• EXERCISE AIM:
Images are to be excluded, and the rest of the data repeated exactly.
<<<<
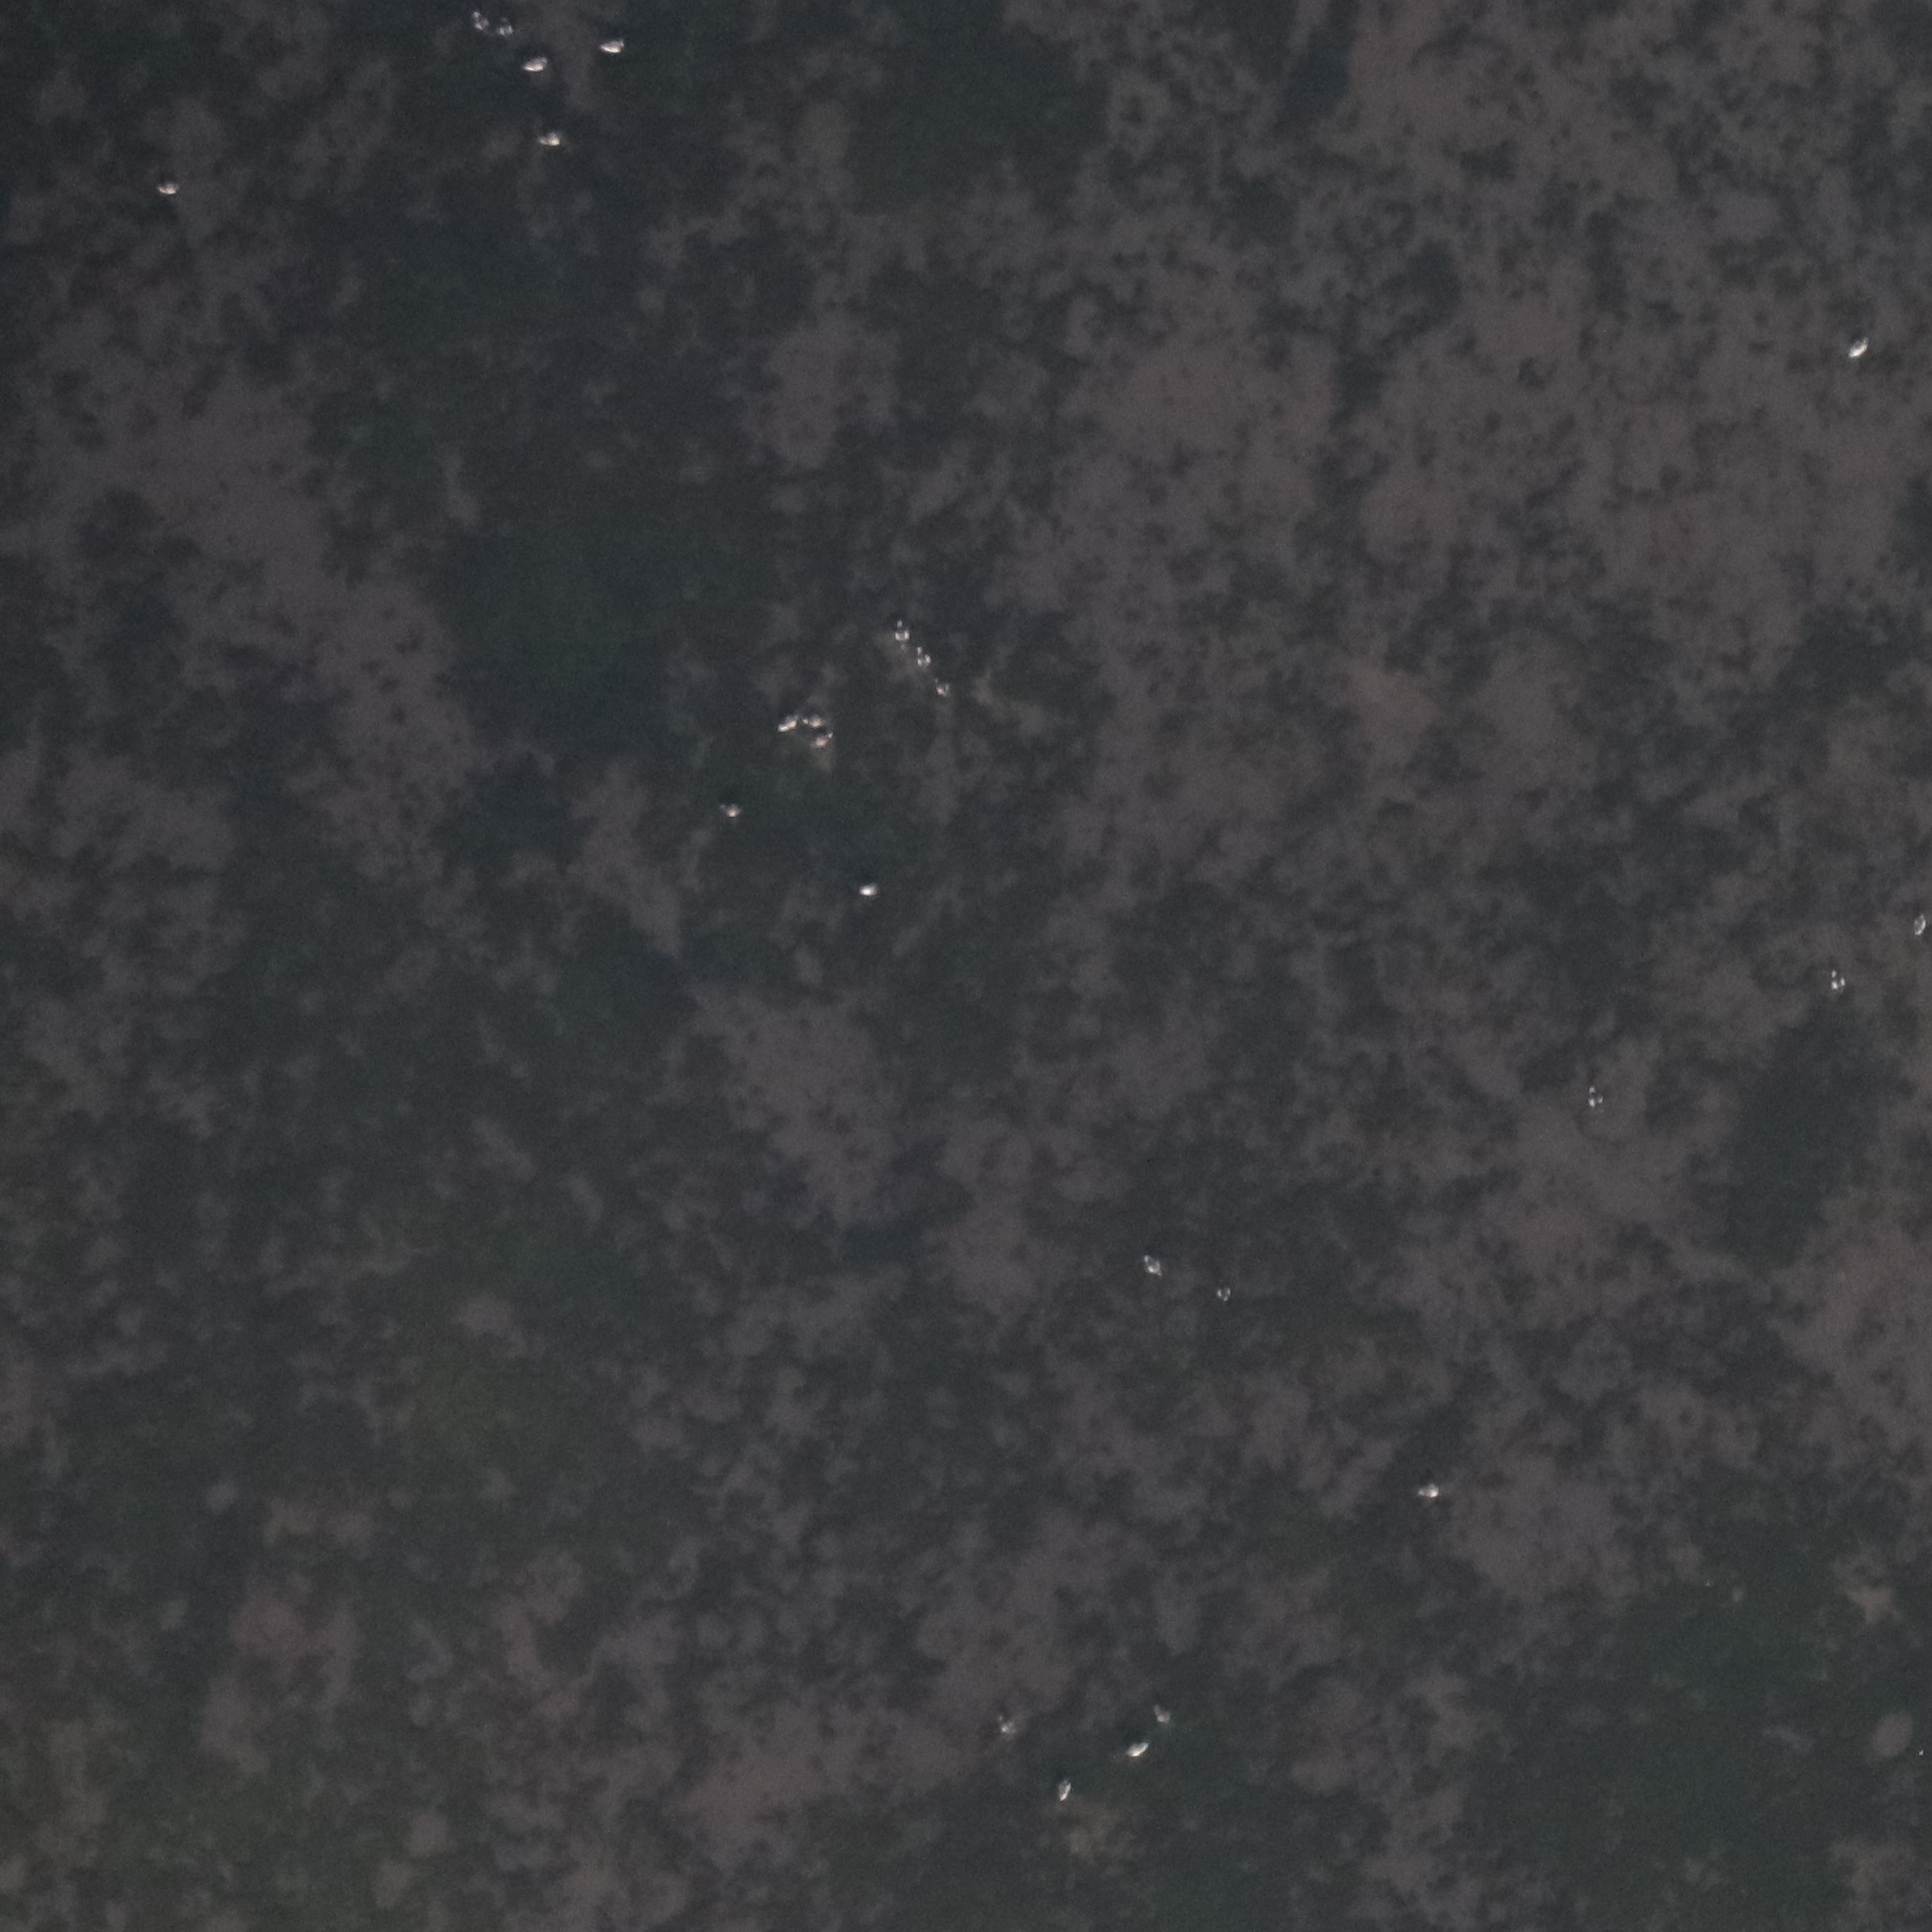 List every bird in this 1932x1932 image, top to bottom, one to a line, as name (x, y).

brant (478, 21)
brant (503, 24)
brant (613, 46)
brant (535, 63)
brant (551, 138)
brant (166, 189)
brant (1858, 346)
brant (902, 634)
brant (923, 660)
brant (943, 688)
brant (811, 720)
brant (789, 721)
brant (819, 739)
brant (732, 810)
brant (870, 888)
brant (1919, 925)
brant (1835, 978)
brant (1591, 1099)
brant (1153, 1266)
brant (1223, 1293)
brant (1427, 1491)
brant (1163, 1714)
brant (1007, 1721)
brant (1136, 1749)
brant (1064, 1788)
>>>>
• WRITTEN SOLUTION:
 List every bird in this 1932x1932 image, top to bottom, one to a line, as name (x, y).

brant (478, 21)
brant (503, 24)
brant (613, 46)
brant (535, 63)
brant (551, 138)
brant (166, 189)
brant (1858, 346)
brant (902, 634)
brant (923, 660)
brant (943, 688)
brant (811, 720)
brant (789, 721)
brant (819, 739)
brant (732, 810)
brant (870, 888)
brant (1919, 925)
brant (1835, 978)
brant (1591, 1099)
brant (1153, 1266)
brant (1223, 1293)
brant (1427, 1491)
brant (1163, 1714)
brant (1007, 1721)
brant (1136, 1749)
brant (1064, 1788)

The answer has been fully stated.